■ WHAT TO PRODUCE:
The required output is the exact run of lines below that opens at the line with "text Самостоятельная работа № 5." and closes at the line with "text_box Сервер [93, 90, 1564, 183]".

= Beginning of Section =

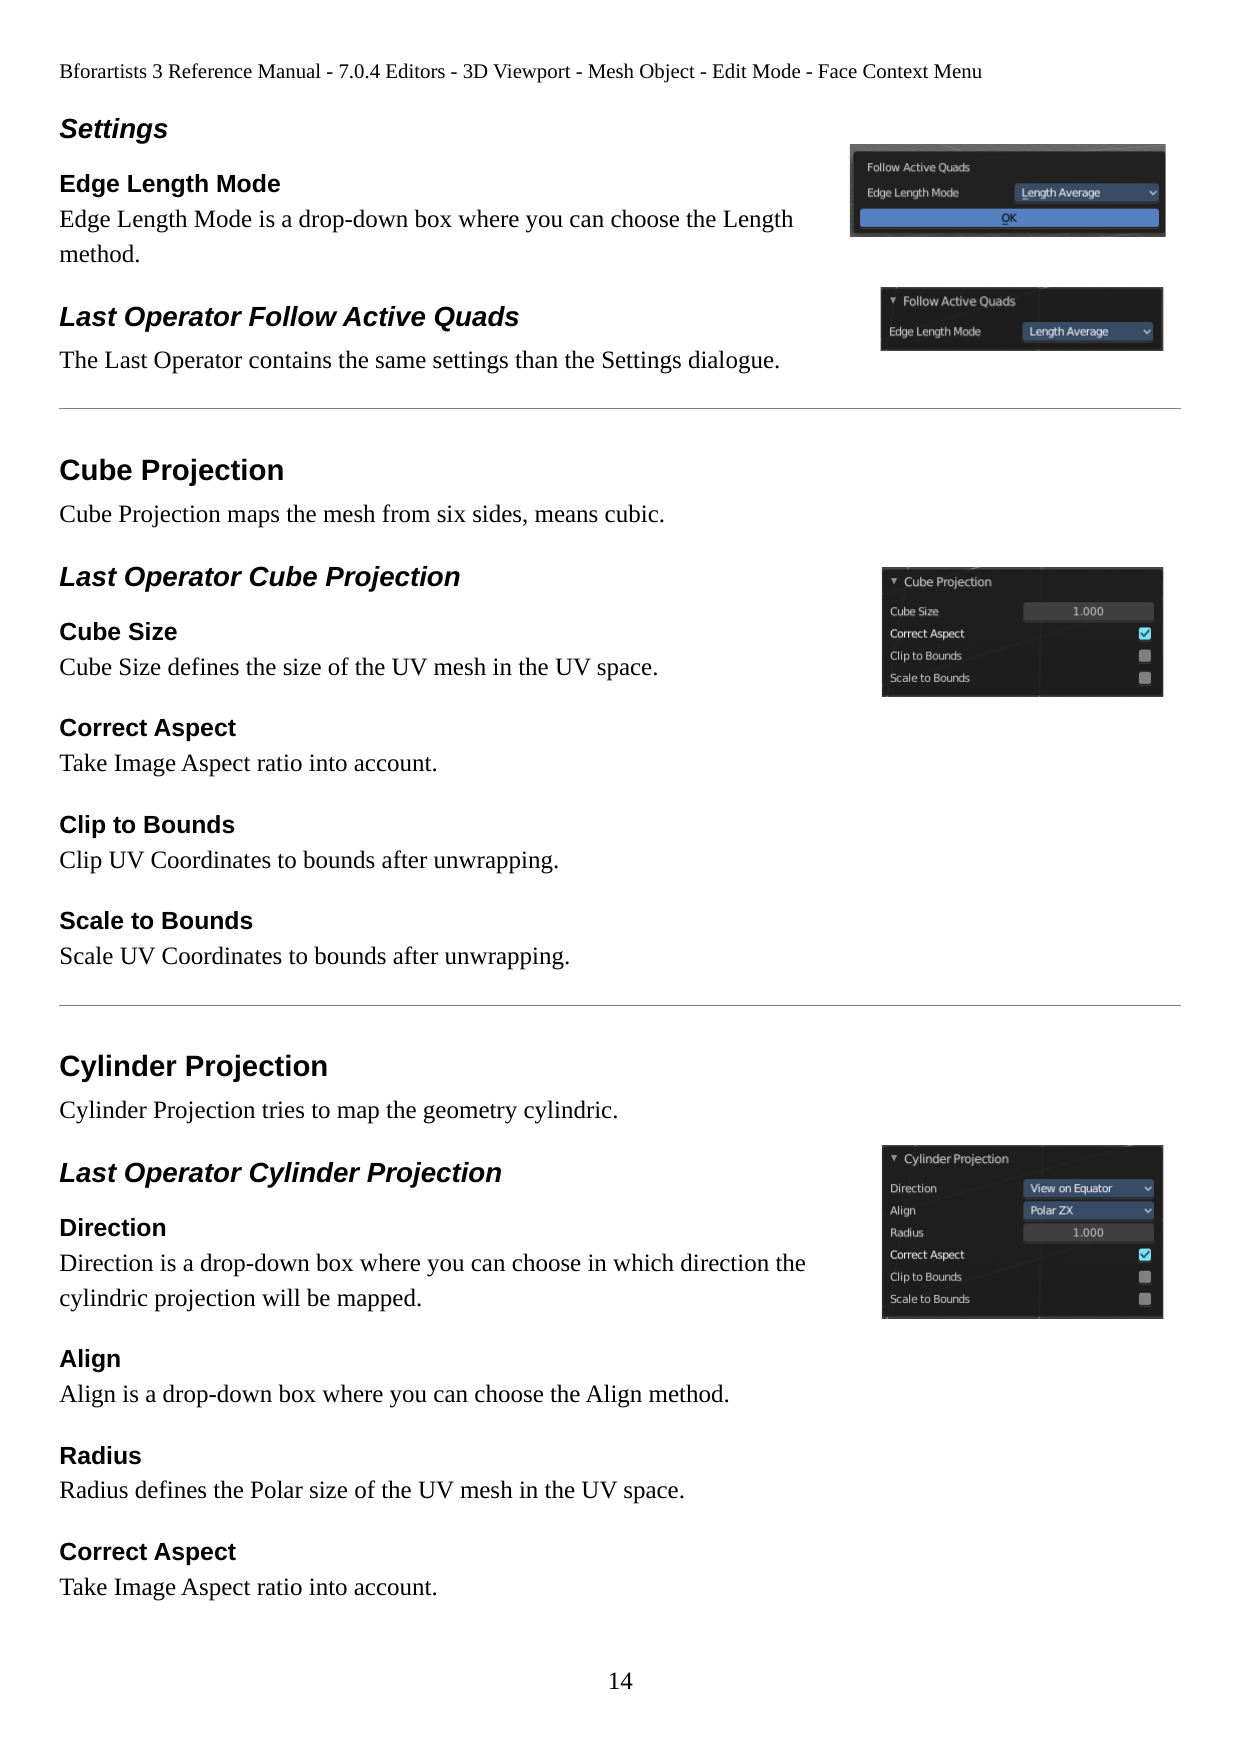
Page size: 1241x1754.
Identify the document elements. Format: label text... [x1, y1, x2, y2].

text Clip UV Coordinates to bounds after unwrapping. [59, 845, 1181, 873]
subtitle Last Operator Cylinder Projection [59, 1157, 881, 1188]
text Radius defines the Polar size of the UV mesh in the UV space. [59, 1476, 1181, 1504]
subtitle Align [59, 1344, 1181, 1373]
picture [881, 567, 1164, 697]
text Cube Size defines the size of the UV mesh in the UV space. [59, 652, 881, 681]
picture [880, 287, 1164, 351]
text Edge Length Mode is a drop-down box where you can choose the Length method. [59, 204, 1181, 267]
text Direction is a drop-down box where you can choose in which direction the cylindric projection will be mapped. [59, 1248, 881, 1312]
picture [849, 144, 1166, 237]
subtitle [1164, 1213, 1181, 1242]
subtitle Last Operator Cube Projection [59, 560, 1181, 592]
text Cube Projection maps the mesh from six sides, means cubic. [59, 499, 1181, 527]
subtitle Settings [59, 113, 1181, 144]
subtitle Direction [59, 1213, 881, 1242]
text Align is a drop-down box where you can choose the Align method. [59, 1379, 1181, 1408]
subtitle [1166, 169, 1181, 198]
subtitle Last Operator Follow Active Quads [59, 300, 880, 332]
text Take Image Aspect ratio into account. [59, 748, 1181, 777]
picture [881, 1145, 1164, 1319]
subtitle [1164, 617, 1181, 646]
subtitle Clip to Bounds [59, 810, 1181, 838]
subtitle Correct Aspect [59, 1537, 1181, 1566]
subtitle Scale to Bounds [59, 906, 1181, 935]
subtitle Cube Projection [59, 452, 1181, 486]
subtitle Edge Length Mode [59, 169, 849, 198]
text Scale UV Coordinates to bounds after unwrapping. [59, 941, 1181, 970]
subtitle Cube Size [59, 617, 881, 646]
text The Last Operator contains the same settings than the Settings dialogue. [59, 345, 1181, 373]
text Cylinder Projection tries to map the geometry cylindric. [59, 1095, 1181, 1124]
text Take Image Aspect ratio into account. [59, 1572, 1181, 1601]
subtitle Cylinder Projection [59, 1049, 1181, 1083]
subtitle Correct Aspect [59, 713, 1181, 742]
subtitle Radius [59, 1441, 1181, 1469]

= End of Section =
= Beginning of Section =

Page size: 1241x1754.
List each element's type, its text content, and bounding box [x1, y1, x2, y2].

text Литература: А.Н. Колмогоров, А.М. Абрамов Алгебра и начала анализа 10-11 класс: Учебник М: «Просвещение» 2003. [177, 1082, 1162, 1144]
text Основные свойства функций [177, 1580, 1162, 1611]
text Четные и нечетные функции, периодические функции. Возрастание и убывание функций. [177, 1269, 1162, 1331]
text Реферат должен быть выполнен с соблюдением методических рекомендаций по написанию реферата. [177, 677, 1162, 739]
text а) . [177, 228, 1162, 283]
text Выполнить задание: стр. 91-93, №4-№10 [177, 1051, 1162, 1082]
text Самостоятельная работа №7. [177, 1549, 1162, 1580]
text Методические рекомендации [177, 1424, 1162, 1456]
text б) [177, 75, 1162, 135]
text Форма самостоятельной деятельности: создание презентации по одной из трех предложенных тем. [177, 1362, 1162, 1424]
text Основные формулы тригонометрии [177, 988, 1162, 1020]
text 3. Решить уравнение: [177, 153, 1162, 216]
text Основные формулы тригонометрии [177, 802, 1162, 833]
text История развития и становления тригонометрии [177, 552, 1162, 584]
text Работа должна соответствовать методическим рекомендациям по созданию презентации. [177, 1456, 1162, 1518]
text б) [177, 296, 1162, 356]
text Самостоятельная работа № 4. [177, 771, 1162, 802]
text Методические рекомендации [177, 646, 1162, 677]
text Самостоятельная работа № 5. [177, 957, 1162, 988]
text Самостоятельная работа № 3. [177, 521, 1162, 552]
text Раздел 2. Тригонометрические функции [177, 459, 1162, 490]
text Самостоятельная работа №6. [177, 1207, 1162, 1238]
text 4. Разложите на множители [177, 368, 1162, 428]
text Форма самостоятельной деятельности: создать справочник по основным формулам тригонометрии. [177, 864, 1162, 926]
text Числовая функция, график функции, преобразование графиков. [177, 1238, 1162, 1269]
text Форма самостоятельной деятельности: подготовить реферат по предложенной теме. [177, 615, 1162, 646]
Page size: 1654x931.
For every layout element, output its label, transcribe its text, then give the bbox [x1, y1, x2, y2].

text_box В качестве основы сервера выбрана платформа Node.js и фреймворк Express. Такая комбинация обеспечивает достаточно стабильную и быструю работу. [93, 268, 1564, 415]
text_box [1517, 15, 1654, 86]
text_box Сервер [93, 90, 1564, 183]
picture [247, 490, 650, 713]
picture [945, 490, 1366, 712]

= End of Section =

■ SOLUTION:
text Самостоятельная работа № 5. [177, 957, 1162, 988]
text Самостоятельная работа № 3. [177, 521, 1162, 552]
text Раздел 2. Тригонометрические функции [177, 459, 1162, 490]
text Самостоятельная работа №6. [177, 1207, 1162, 1238]
text 4. Разложите на множители [177, 368, 1162, 428]
text Форма самостоятельной деятельности: создать справочник по основным формулам тригонометрии. [177, 864, 1162, 926]
text Числовая функция, график функции, преобразование графиков. [177, 1238, 1162, 1269]
text Форма самостоятельной деятельности: подготовить реферат по предложенной теме. [177, 615, 1162, 646]
Page size: 1654x931.
For every layout element, output its label, transcribe its text, then give the bbox [x1, y1, x2, y2].

text_box В качестве основы сервера выбрана платформа Node.js и фреймворк Express. Такая комбинация обеспечивает достаточно стабильную и быструю работу. [93, 268, 1564, 415]
text_box [1517, 15, 1654, 86]
text_box Сервер [93, 90, 1564, 183]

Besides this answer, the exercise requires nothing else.